\[ P(x)=x^{4}+9 x^{3}+17 x^{2}-9 x-18 \] Write the polynomial in factored form. \( P(x)=\square \)

To factor the polynomial   P(x) = x⁴ + 9x³ + 17x² – 9x – 18 follow these steps: 1. Find a root by testing small integers. Try x = 1:   P(1) = 1 + 9 + 17 – 9 – 18 = 0 Since P(1) = 0, (x – 1) is a factor. 2. Divide P(x) by (x – 1).
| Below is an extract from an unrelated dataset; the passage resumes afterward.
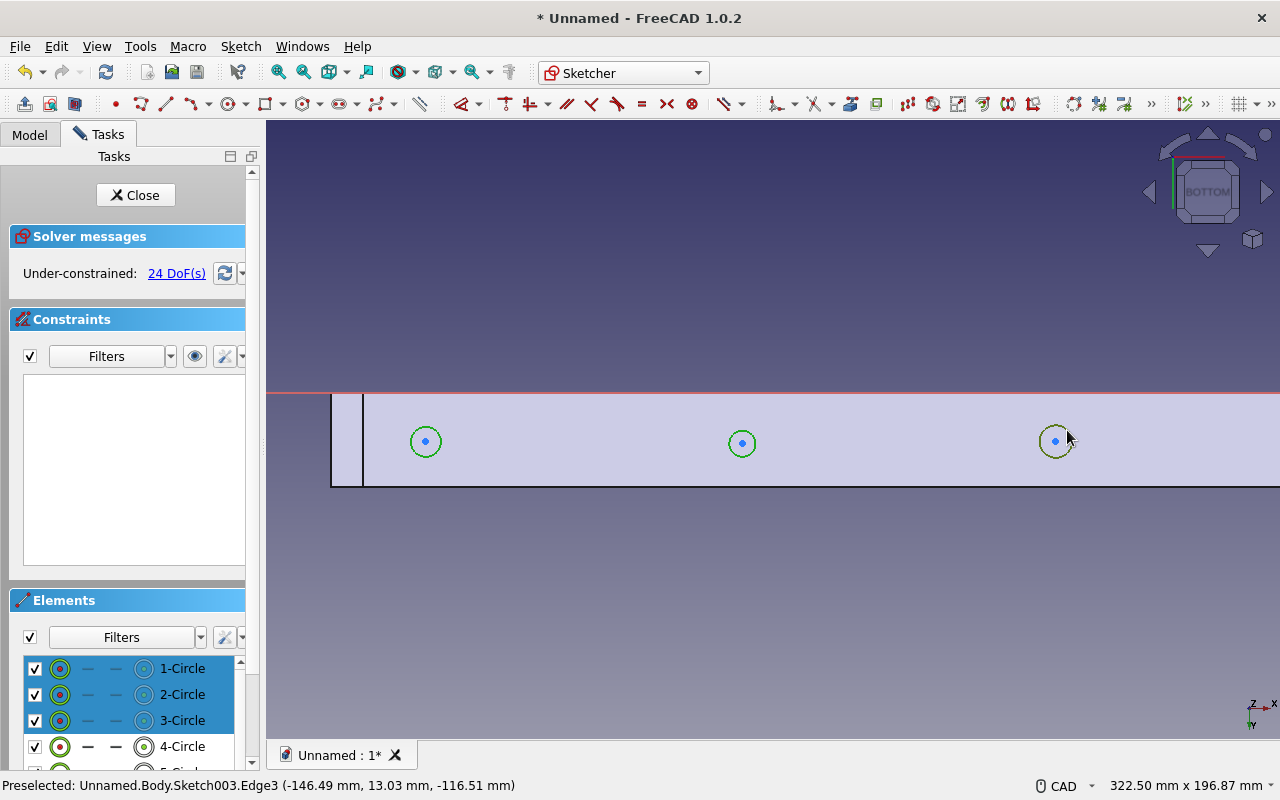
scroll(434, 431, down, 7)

Using synthetic division with coefficients 1, 9, 17, –9, –18:   • Bring down 1.   • Multiply 1 by 1 and add to 9 to get 10.   • Multiply 10 by 1 and add to 17 to get 27.   • Multiply 27 by 1 and add to –9 to get 18.   • Multiply 18 by 1 and add to –18 to get 0. The quotient is x³ + 10x² + 27x + 18. 3. Factor the cubic quotient: x³ + 10x² + 27x + 18. Test x = –1:   (–1)³ + 10(–1)² + 27(–1) + 18 = –1 + 10 – 27 + 18 = 0 So, (x + 1) is a factor. Using synthetic division for the cubic with root –1 (coefficients: 1, 10, 27, 18):   • Bring down 1.   • Multiply 1 by –1 and add to 10 to get 9.   • Multiply 9 by –1 and add to 27 to get 18.   • Multiply 18 by –1 and add to 18 to get 0. The quadratic quotient is x² + 9x + 18. 4. Factor the quadratic: x² + 9x + 18 factors as (x + 3)(x + 6) because 3 + 6 = 9 and 3 · 6 = 18. 5. Combine all factors:   P(x) = (x – 1)(x + 1)(x + 3)(x + 6). Thus, the factored form of the polynomial is:   P(x) = (x – 1)(x + 1)(x + 3)(x + 6).